Another digression: every DynamoDB table basically has two major keys - the “partition key”, which is how data is distributed across the table, and the “sort key”, which is how you can organize data when retrieving it. The one thing that it took me a while to grasp is that if you want to sort data based on multiple fields, a best practice is to concatenate those fields together and then use that concatenation as your sort key. If I wanted to incorporate comment threading, I knew there were two fields that I would need to sort on - the ID of the parent blog post and the timestamp - so I made sure to incorporate that into the starter code I was starting to put together. I didn’t have to worry about any other fields, since this was NoSQL - I didn’t have to define those fields when creating the database.

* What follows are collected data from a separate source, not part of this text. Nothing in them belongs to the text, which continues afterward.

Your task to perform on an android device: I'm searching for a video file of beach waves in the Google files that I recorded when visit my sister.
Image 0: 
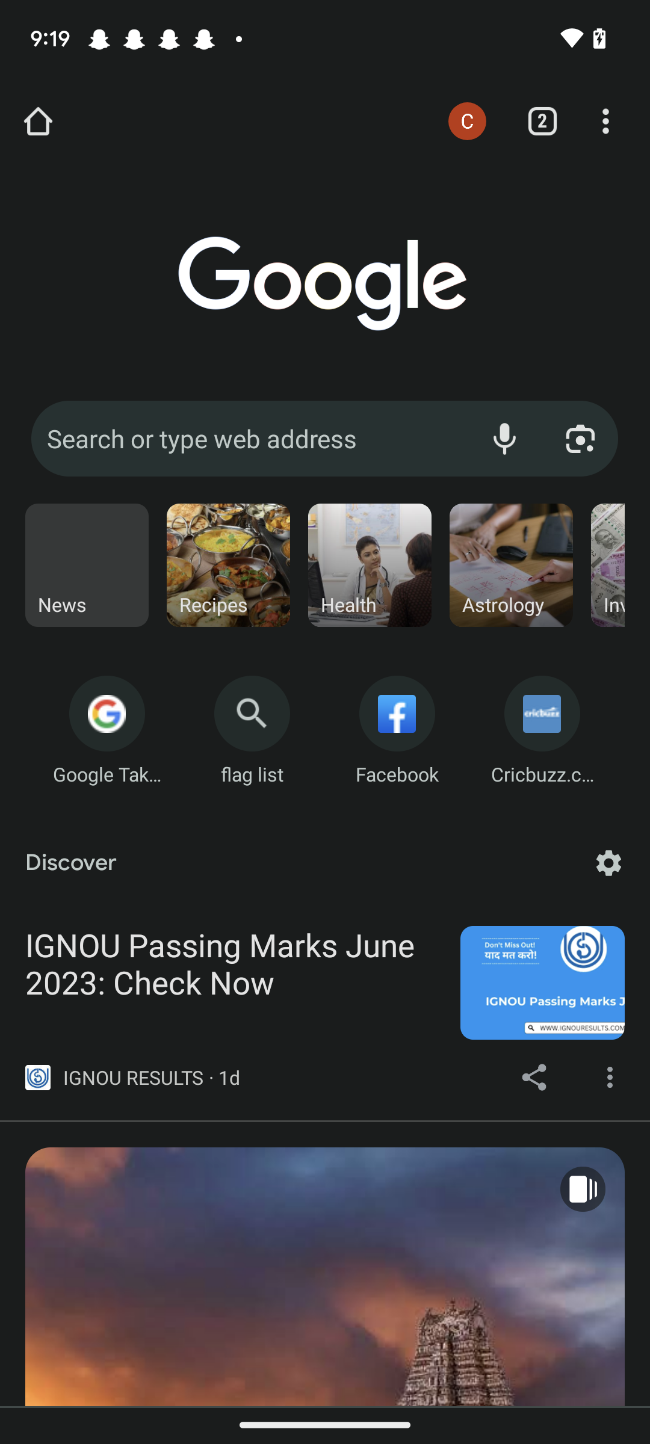
Open the Google Files app
Step 0: open app "Files by Google"
Image 1: 
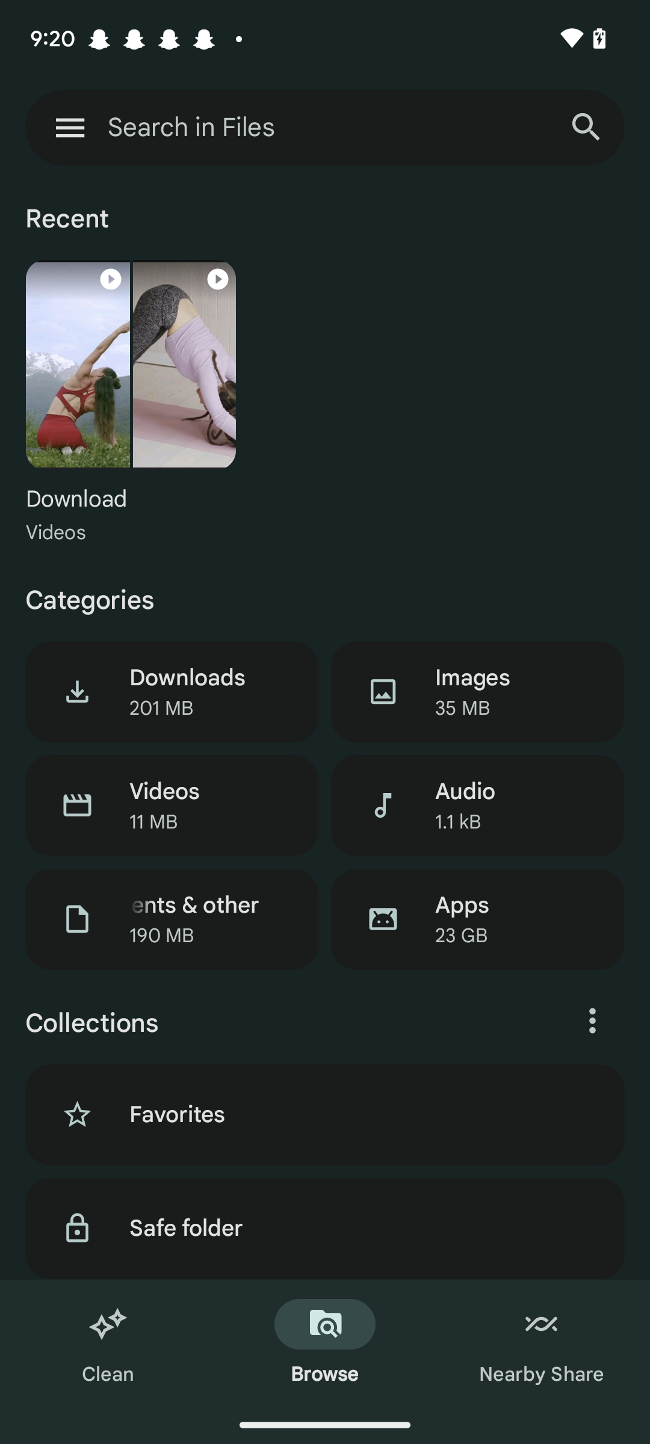
Click on the search bar at the top of the screen
Step 1: click (325, 128)
Image 3: 
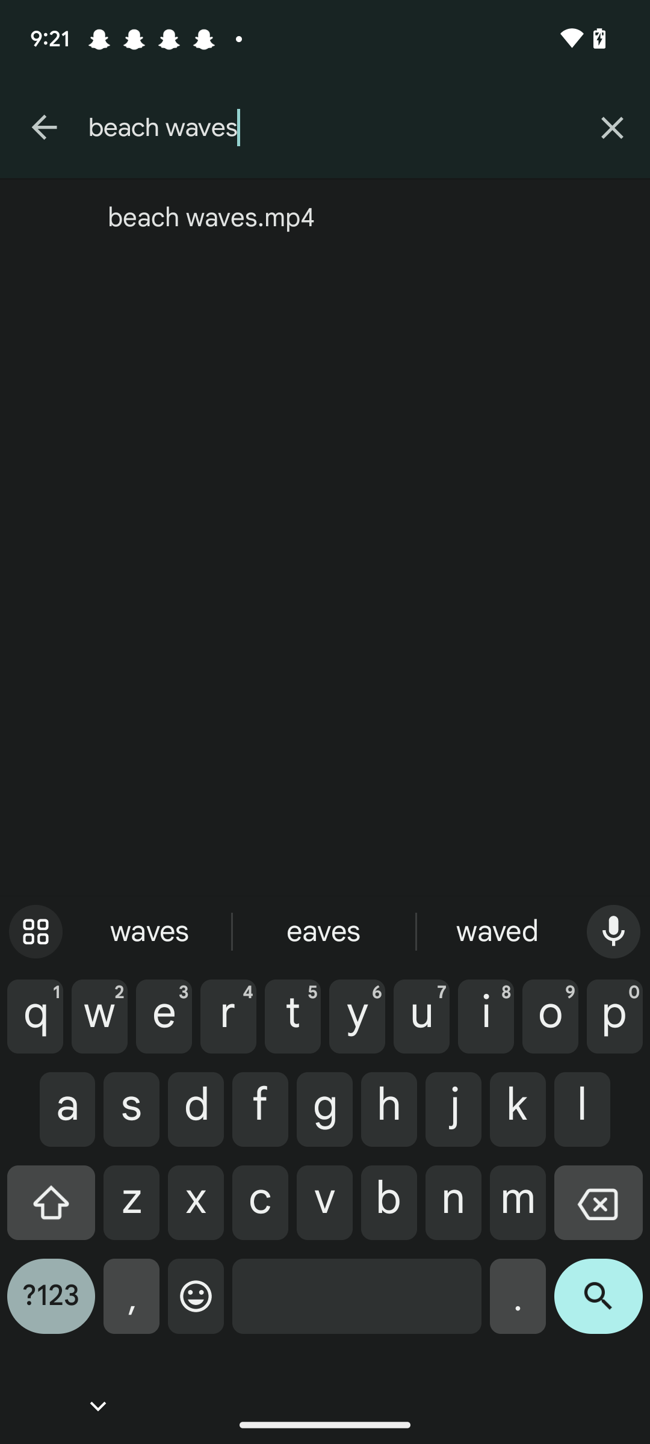
Click on the search icon on the keyboard
Step 3: click (598, 1306)

One gotcha that I noticed when I was setting up my DynamoDB table - it defaults to provisioned mode. If you’re following along and building your own stuff, you may want to switch it over to on-demand - that way you’re only billed for the queries you make, which may be better for certain use cases, especially when you’re still in development. (In my case, my blog traffic’s low enough that I’m not going to get much benefit out of provisioning).
This left me with all of my “must haves” checked for an MVP: write comments to the database, view them on the page. At this point, I had a plan to move forward, and potential solutions for each of my defined requirements. All that was left was to…actually build things. Next up in part 2: I’ll start diving deeper into the technical details for that and start posting code.